雲嵐咬了口山楂含混不清笑道:“勞煩指揮使費心了,只是住在白府是堯王的意思,陛下又應允了,如果沒有正當理由就搬離出去,明顯不妥,不知情的還以爲千歲爺苛待哀家呢。哀家是心善之人,不樂意讓旁人爲難。”
洛子淵若有所思:“看來太妃和九千歲相處得頗爲融洽。”
“融洽倒也算不上,只是吃喝無憂,活着鬆心罷了。”她回答得理所當然,“請指揮使轉告父親大人,勞煩他惦念,哀家一切都好,以後也會好好的,儘量不給他老人家添麻煩。”
這話綿裡藏針,聽上去別有一番深意,洛子淵表面平靜,心中着實做了考量。說不意外那是假的,因爲從宰相處得來的消息,庶女出身的這位太妃,從前可是溫婉恭順,對父親的意思不敢有半點違拗的,然而此刻看來,分明有着自己的主意,並不是會任人擺佈的柔弱角色。

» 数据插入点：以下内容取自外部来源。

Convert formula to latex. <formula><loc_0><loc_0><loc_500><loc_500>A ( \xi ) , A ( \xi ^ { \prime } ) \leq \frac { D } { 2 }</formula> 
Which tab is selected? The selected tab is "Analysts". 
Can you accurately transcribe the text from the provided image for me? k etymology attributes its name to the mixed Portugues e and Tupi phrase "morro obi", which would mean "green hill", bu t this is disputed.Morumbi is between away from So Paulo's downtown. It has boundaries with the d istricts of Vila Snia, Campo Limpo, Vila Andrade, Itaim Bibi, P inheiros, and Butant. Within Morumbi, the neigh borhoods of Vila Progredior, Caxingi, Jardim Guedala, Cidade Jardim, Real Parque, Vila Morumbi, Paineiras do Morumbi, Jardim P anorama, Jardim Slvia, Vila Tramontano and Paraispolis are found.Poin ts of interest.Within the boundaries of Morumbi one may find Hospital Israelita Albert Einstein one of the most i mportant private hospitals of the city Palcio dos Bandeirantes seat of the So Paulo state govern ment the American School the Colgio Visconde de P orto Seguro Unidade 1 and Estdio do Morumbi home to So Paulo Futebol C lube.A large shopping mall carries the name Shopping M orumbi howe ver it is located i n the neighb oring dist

而且最重要的一點,她身手不錯,這件事情怕是連宰相也不知曉。
“太妃果真不準備再認真考慮一下麼?”
結果雲嵐尚未開口,陰柔魅惑的男聲已自身後傳來。
“太妃的選擇是什麼,莫非指揮使還聽不明白嗎?平白糾纏可不是錦衣衛的風格。”
她訝然回頭,見白祁月正緩步朝這邊走近,月光下他眉眼秀逸,一襲玉色長袍風華絕代,沒想到某些人穿起素淺的顏色竟這般好看。
“九千歲好興致,竟一路找到這種地方來了。”
“若非隨從護衛的部下碰巧撞見,咱家也斷然料想不到,洛指揮使竟會冒犯太妃。”
洛子淵冷冷道:“九千歲言重了,畢竟太妃久居貴府名不正言不順,我也是在爲太妃着想。”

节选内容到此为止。